Any similar example for this where small chunks of randomly cropped sequences are added in the dataloader would help me a lot.

Thank you for your effort in advance!!

@ptrblck @albanD @tom can i get some suggestions on this

If you have the image sequence as array-like shape vid = [w, h, c, n_frames] you can use np.split and specify the indices to extract random cropped sequences.
random_sequence = np.split(vid, indices_or_sections=[10,20,45,60,...], axis=3)
For this, you have to load the whole sequence into memory, which might be a bit memory-heavy.

Otherwise, you can just define t1 and t2 in __getitem__ as:

t1 = random.sample(range(0, len(sequence-max_n_frames_wanted), 1)
t2 = random.sample(range(0, len(max_n_frames_wanted), 1)

and then load the frames sequentially in a for loop from t1 to t2 and use torch.cat in the end as you do.

Hope this helps.

I did not get it.

The variables i am using t1, t2 are frames at t, t+1 timestamps.
From the above code:

t1 = random.sample(range(0, len(sequence-max_n_frames_wanted), 1)
t2 = random.sample(range(0, len(max_n_frames_wanted), 1)

i assume number of samples to be drawn for instance be k = 10 (argument is missing in random.sample()) or if at all we consider k = max_n_frames_wanted, sequence = 400.

t1 = [0, 1, 2, 3, 4,…389]
t2 = [0, 1, 2, 3, 4,…9]

I hope i am getting it correctly.

But, my main concern is when we using random sampling the length in def __len__(self) varies and the index should point out to the sequence to retrieve image from disk.

First, you can set the __len__(self) to be the number of sequences you have, so in this case, 11. So instead of

you can specify it as len(self.seq_lens).
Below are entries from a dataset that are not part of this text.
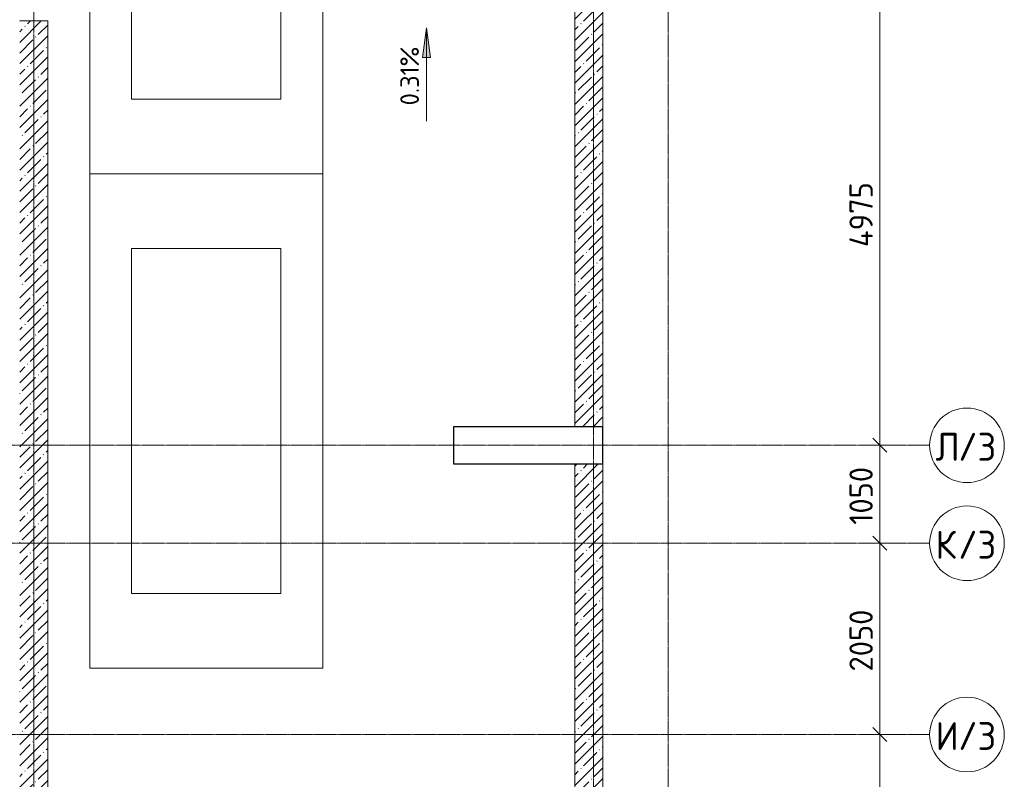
# Model space of a CAD drawing. Header units: millimetres. Extents: x 82112 to 162374, y -10965 to 131389.
# Tile 75 of 82: x 142220 to 152773, y 86420 to 94563. Entities that reach past the tile are written whole.
import ezdxf

# ---------------------------------------------------------------- set-up
doc = ezdxf.new("R2010")
doc.units = ezdxf.units.MM
doc.linetypes.add('4_ Штрихпунктир_ 10 х 2 мм', pattern=[14, 10, -2, 0, -2])
for name, color, linetype, lineweight in [('A-ANNO-DIMS', 7, 'Continuous', 5), ('A-ANNO-DIMS-100', 7, 'Continuous', 5), ('A-WALL', 7, 'Continuous', 13), ('A-WALL-PATT', 7, 'Continuous', 13), ('C-PRKG', 7, 'Continuous', 13), ('G-ANNO-DIMS', 7, 'Continuous', 5), ('S-COLS', 7, 'Continuous', 25), ('S-GRID', 7, 'Continuous', 5), ('S-GRID-IDEN', 7, 'Continuous', 5)]:
    doc.layers.add(name, color=color, linetype=linetype, lineweight=lineweight)
doc.styles.add('GOST Common_1', font='GOST_Common.ttf', dxfattribs={"height": 300})
doc.styles.add('GOST Common_2', font='GOST_Common.ttf', dxfattribs={"height": 200})
doc.styles.add('GOST Common_3', font='GOST_Common.ttf', dxfattribs={"height": 250})
doc.dimstyles.new('2_5_мм', dxfattribs={"dimscale": 304.8, "dimtxt": 251.428749, "dimasz": 0.492126, "dimexe": 0.492126, "dimexo": 0.492126, "dimgap": 0, "dimtad": 1, "dimdec": 5, "dimrnd": 1e-05, "dimdsep": 46, "dimtxsty": 'GOST Common_3', "dimblk1": 'OBLIQUE', "dimblk2": 'OBLIQUE', "dimsah": 1, "dimcen": 0.09, "dimdle": 0.492126, "dimadec": 5, "dimazin": 2, "dimtfac": 1, "dimtdec": 4, "dimtix": 1, "dimtmove": 0, "dimatfit": 3, "dimfxl": 1, "dimtvp": 1, "dimtolj": 1, "dimtzin": 0, "dimarcsym": 2})
pattern_1 = [(45, (0, 0), (-114.04925, 114.04925), []), (45, (114.05, 0), (-114.04925, 114.04925), [201.612, -40.322, 3.353, -36.97])]

# ---------------------------------------------------------------- blocks, each defined once
blk = doc.blocks.new('АР_Машиноместо - 4900x2400_М__5300х2500_-5734662--01_Подвал_МП_часть В')
at = {"layer": 'C-PRKG'}
for p, q in [((2500, 0), (0, 0)), ((0, 0), (0, -5300)), ((2500, 0), (2500, -5300)), ((450, -800), (450, -4500)), ((450, -800), (2050, -800)), ((2050, -800), (2050, -4500)), ((450, -4500), (2050, -4500)), ((2500, -5300), (0, -5300))]:
    blk.add_line(p, q, dxfattribs=at)
blk = doc.blocks.new('АР_Машиноместо - 4900x2400_М__5300х2500_-V3--01_Подвал_МП_часть В')
at = {"layer": 'C-PRKG'}
for p, q in [((2500, 0), (0, 0)), ((0, 0), (0, -5300)), ((2500, 0), (2500, -5300)), ((450, -800), (450, -4500)), ((450, -800), (2050, -800)), ((2050, -800), (2050, -4500)), ((450, -4500), (2050, -4500)), ((2500, -5300), (0, -5300))]:
    blk.add_line(p, q, dxfattribs=at)
blk = doc.blocks.new('Ось сетки - 8_0 мм-31302--01_Подвал_МП_часть В')
at = {"layer": 'S-GRID-IDEN'}
blk.add_circle((0, 0), 4, dxfattribs=at)
blk = doc.blocks.new('DIMBLOCK250--01_Подвал_МП_часть В')
at = {"layer": 'A-ANNO-DIMS-100', "lineweight": 25, "transparency": 16777216}
for p, q in [((151439, 86900), (151364, 86975)), ((151439, 86900), (151514, 86825)), ((151439, 85050), (151364, 85125)), ((151439, 85050), (151514, 84975))]:
    blk.add_line(p, q, dxfattribs=at)
at = {"layer": 'A-ANNO-DIMS-100', "transparency": 16777216}
for p, q in [((151483, 86900), (151289, 86900)), ((151439, 85050), (151439, 86900)), ((151439, 86900), (151483, 86900)), ((151483, 85050), (151289, 85050)), ((151439, 85050), (151483, 85050))]:
    blk.add_line(p, q, dxfattribs=at)
at = {"layer": 'A-ANNO-DIMS-100', "color": 0, "transparency": 16777216, "insert": (151113, 85649), "char_height": 250, "width": 782.41, "attachment_point": 1, "rotation": 90, "line_spacing_factor": 1.022761, "style": 'GOST Common_3'}
blk.add_mtext('1850', dxfattribs=at)
blk = doc.blocks.new('_Oblique')
at = {"color": 0, "linetype": 'ByBlock', "lineweight": -2}
blk.add_line((-0.5, -0.5), (0.5, 0.5), dxfattribs=at)
blk = doc.blocks.new('DIMBLOCK251--01_Подвал_МП_часть В')
at = {"layer": 'A-ANNO-DIMS-100', "lineweight": 25, "transparency": 16777216}
for p, q in [((151439, 88950), (151364, 89025)), ((151439, 88950), (151514, 88875)), ((151439, 86900), (151364, 86975)), ((151439, 86900), (151514, 86825))]:
    blk.add_line(p, q, dxfattribs=at)
at = {"layer": 'A-ANNO-DIMS-100', "transparency": 16777216}
for p, q in [((151483, 88950), (151289, 88950)), ((151439, 86900), (151439, 88950)), ((151439, 88950), (151483, 88950)), ((151483, 86900), (151289, 86900)), ((151439, 86900), (151483, 86900))]:
    blk.add_line(p, q, dxfattribs=at)
at = {"layer": 'A-ANNO-DIMS-100', "color": 0, "transparency": 16777216, "insert": (151113, 87576), "char_height": 250, "width": 838.66, "attachment_point": 1, "rotation": 90, "line_spacing_factor": 1.022761, "style": 'GOST Common_3'}
blk.add_mtext('2050', dxfattribs=at)
blk = doc.blocks.new('DIMBLOCK252--01_Подвал_МП_часть В')
at = {"layer": 'A-ANNO-DIMS-100', "lineweight": 25, "transparency": 16777216}
for p, q in [((151439, 90000), (151364, 90075)), ((151439, 90000), (151514, 89925)), ((151439, 88950), (151364, 89025)), ((151439, 88950), (151514, 88875))]:
    blk.add_line(p, q, dxfattribs=at)
at = {"layer": 'A-ANNO-DIMS-100', "transparency": 16777216}
for p, q in [((151483, 90000), (151289, 90000)), ((151439, 88950), (151439, 90000)), ((151439, 90000), (151483, 90000)), ((151483, 88950), (151289, 88950)), ((151439, 88950), (151483, 88950))]:
    blk.add_line(p, q, dxfattribs=at)
at = {"layer": 'A-ANNO-DIMS-100', "color": 0, "transparency": 16777216, "insert": (151113, 89149), "char_height": 250, "width": 782.41, "attachment_point": 1, "rotation": 90, "line_spacing_factor": 1.022761, "style": 'GOST Common_3'}
blk.add_mtext('1050', dxfattribs=at)
blk = doc.blocks.new('DIMBLOCK253--01_Подвал_МП_часть В')
at = {"layer": 'A-ANNO-DIMS-100', "transparency": 16777216}
for p, q in [((151483, 94975), (151289, 94975)), ((151439, 90000), (151439, 94975)), ((151439, 94975), (151483, 94975)), ((151483, 90000), (151289, 90000)), ((151439, 90000), (151483, 90000))]:
    blk.add_line(p, q, dxfattribs=at)
at = {"layer": 'A-ANNO-DIMS-100', "lineweight": 25, "transparency": 16777216}
for p, q in [((151439, 94975), (151364, 95050)), ((151439, 94975), (151514, 94900)), ((151439, 90000), (151364, 90075)), ((151439, 90000), (151514, 89925))]:
    blk.add_line(p, q, dxfattribs=at)
at = {"layer": 'A-ANNO-DIMS-100', "color": 0, "transparency": 16777216, "insert": (151113, 92125), "char_height": 250, "width": 869.35, "attachment_point": 1, "rotation": 90, "line_spacing_factor": 1.022761, "style": 'GOST Common_3'}
blk.add_mtext('4975', dxfattribs=at)

msp = doc.modelspace()

# ---------------------------------------------------------------- hatches: boundary and pattern name
at = {"layer": 'A-WALL-PATT', "lineweight": 5}
h = msp.add_hatch(dxfattribs=at)
h.set_pattern_fill('FP_1', color=256, style=0, pattern_type=2)
h.set_pattern_definition(pattern_1)
h.paths.add_polyline_path([(148470, 90200), (148470, 94775), (148170, 94775), (148170, 90200)])
h = msp.add_hatch(dxfattribs=at)
h.set_pattern_fill('FP_1', color=256, style=0, pattern_type=2)
h.set_pattern_definition(pattern_1)
h.paths.add_polyline_path([(142220, 80599.862836), (142520, 80599.862836), (142520, 94550), (142220, 94550), (142220, 82730.12045)])
h = msp.add_hatch(dxfattribs=at)
h.set_pattern_fill('FP_1', color=256, style=0, pattern_type=2)
h.set_pattern_definition(pattern_1)
h.paths.add_polyline_path([(148470, 85250), (148470, 89800), (148170, 89800), (148170, 85250)])
at = {"layer": 'G-ANNO-DIMS'}
msp.add_hatch(color=256, dxfattribs=at).paths.add_polyline_path([(146580.572151, 94474.973101), (146538.772483, 94157.473101), (146622.371819, 94157.473101)])
msp.add_hatch(color=256, dxfattribs=at).paths.add_polyline_path([(146580.572151, 94474.973101), (146538.772483, 94157.473101), (146622.371819, 94157.473101)])

# ---------------------------------------------------------------- linework, layer by layer
at = {"layer": 'A-WALL'}
for p, q in [((148170, 94775), (148170, 90200)), ((148470, 90200), (148470, 94775)), ((142520, 94550), (142220, 94550)), ((142520, 78700), (142520, 94550)), ((148170, 90200), (148470, 90200)), ((148170, 89800), (148170, 85250)), ((148470, 89800), (148170, 89800)), ((148470, 85250), (148470, 89800))]:
    msp.add_line(p, q, dxfattribs=at)
at = {"layer": 'G-ANNO-DIMS'}
for p, q in [((146580.572151, 94474.973101), (146538.772483, 94157.473101)), ((146580.572151, 94474.973101), (146538.772483, 94157.473101)), ((146622.371819, 94157.473101), (146580.572151, 94474.973101)), ((146580.572151, 93474.973101), (146580.572151, 94474.973101)), ((146622.371819, 94157.473101), (146580.572151, 94474.973101)), ((146580.572151, 93474.973101), (146580.572151, 94474.973101)), ((146538.772483, 94157.473101), (146622.371819, 94157.473101)), ((146538.772483, 94157.473101), (146622.371819, 94157.473101))]:
    msp.add_line(p, q, dxfattribs=at)
at = {"layer": 'S-COLS'}
for p, q in [((148470, 90200), (146870, 90200)), ((146870, 90200), (146870, 89800)), ((148470, 89800), (148470, 90200)), ((146870, 89800), (148470, 89800))]:
    msp.add_line(p, q, dxfattribs=at)
at = {"layer": 'S-GRID', "linetype": '4_ Штрихпунктир_ 10 х 2 мм'}
for p, q in [((148370, 52488.487293), (148370, 130388.42805)), ((142370, 80104.964717), (142370, 129588.42805)), ((149170, 80104.964717), (149170, 129588.42805)), ((151972.716503, 90000), (87000, 90000)), ((151972.716503, 88950), (87000, 88950)), ((151972.716503, 86900), (87000, 86900))]:
    msp.add_line(p, q, dxfattribs=at)

# ---------------------------------------------------------------- block references
at = {"layer": 'C-PRKG'}
for name, p in [('АР_Машиноместо - 4900x2400_М__5300х2500_-5734662--01_Подвал_МП_часть В', (142970, 98210)), ('АР_Машиноместо - 4900x2400_М__5300х2500_-V3--01_Подвал_МП_часть В', (142970, 92910))]:
    msp.add_blockref(name, p, dxfattribs=at)
at = {"layer": 'S-GRID-IDEN', "xscale": 99.99999999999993, "yscale": 99.99999999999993, "zscale": 99.99999999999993, "rotation": 89.9999999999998}
for p in [(152372.716503, 90000), (152372.716503, 88950), (152372.716503, 86900)]:
    msp.add_blockref('Ось сетки - 8_0 мм-31302--01_Подвал_МП_часть В', p, dxfattribs=at)

# ---------------------------------------------------------------- texts
at = {"layer": 'G-ANNO-DIMS', "insert": (146299.20649, 93644.106003), "char_height": 200, "width": 794.08103471, "attachment_point": 1, "rotation": 90, "line_spacing_factor": 1.022761, "style": 'GOST Common_2'}
msp.add_mtext('0.31%', dxfattribs=at)
msp.add_mtext('0.31%', dxfattribs=at)
at = {"layer": 'S-GRID-IDEN', "char_height": 300, "attachment_point": 1, "style": 'GOST Common_1'}
for s, insert, width in [('\\fGOST Common|b0|i0|c204|p34|;Л', (152034.796021, 90134.544597), 296.624375), ('/3', (152279.535604, 90134.544597), 521.096875), ('\\fGOST Common|b0|i0|c204|p34|;К', (152034.796021, 89084.544597), 296.624375), ('/3', (152279.535604, 89084.544597), 521.096875), ('\\fGOST Common|b0|i0|c204|p34|;И', (152034.796021, 87034.544597), 296.624375), ('/3', (152279.535604, 87034.544597), 521.096875)]:
    msp.add_mtext(s, dxfattribs=dict(at, insert=insert, width=width))

# ---------------------------------------------------------------- dimensions: what is measured, and where the dimension line sits
at = {"layer": 'A-ANNO-DIMS'}
for base, p1, p2, override, picture, middle in [((151439.420075, 94975), (151333.354058, 90000), (151333.354058, 94975), {"dimpost": '<>', "dimfxl": 4975}, 'DIMBLOCK253--01_Подвал_МП_часть В', (151314.420075, 92487.5)), ((151439.420075, 90000), (151333.354058, 88950), (151333.354058, 90000), {"dimpost": '<>', "dimfxl": 1050}, 'DIMBLOCK252--01_Подвал_МП_часть В', (151314.420075, 89475)), ((151439.420075, 88950), (151333.354058, 86900), (151333.354058, 88950), {"dimpost": '<>', "dimfxl": 2050}, 'DIMBLOCK251--01_Подвал_МП_часть В', (151314.420075, 87925)), ((151439.420075, 86900), (151333.354058, 85050), (151333.354058, 86900), {"dimpost": '<>', "dimfxl": 1850}, 'DIMBLOCK250--01_Подвал_МП_часть В', (151314.420075, 85975))]:
    dim = msp.add_linear_dim(base=base, p1=p1, p2=p2, angle=90, dimstyle='2_5_мм', override=override, dxfattribs=at)
    dim.commit()
    dim.dimension.update_dxf_attribs({"geometry": picture, "text_midpoint": middle})

doc.saveas('drawing.dxf')

Sure, an epoch will be smaller, but you can train for more epochs.

Then, I assumed that you wanted to have a variable number of frames (but in serialized order) on each __getitem__(self, idx) call, so that’s what I specified as t1 and t2. At each call, you would get a sequence index and then randomly pick t1 and t2 in that sequence. Then take all the frames between t1 and t1+t2.

If you want to fix the number of frames then you can simply take frames between t1 and t1+k. Then, t1 can be specified as:
t1 = random.sample(range(0, self.seq_lens[idx]-k), 1)

If you don’t want to take sequential (t1, t1+1,... t1+k) frames just replace 1 to k in t1 and remove t2.

Hope this clears it up.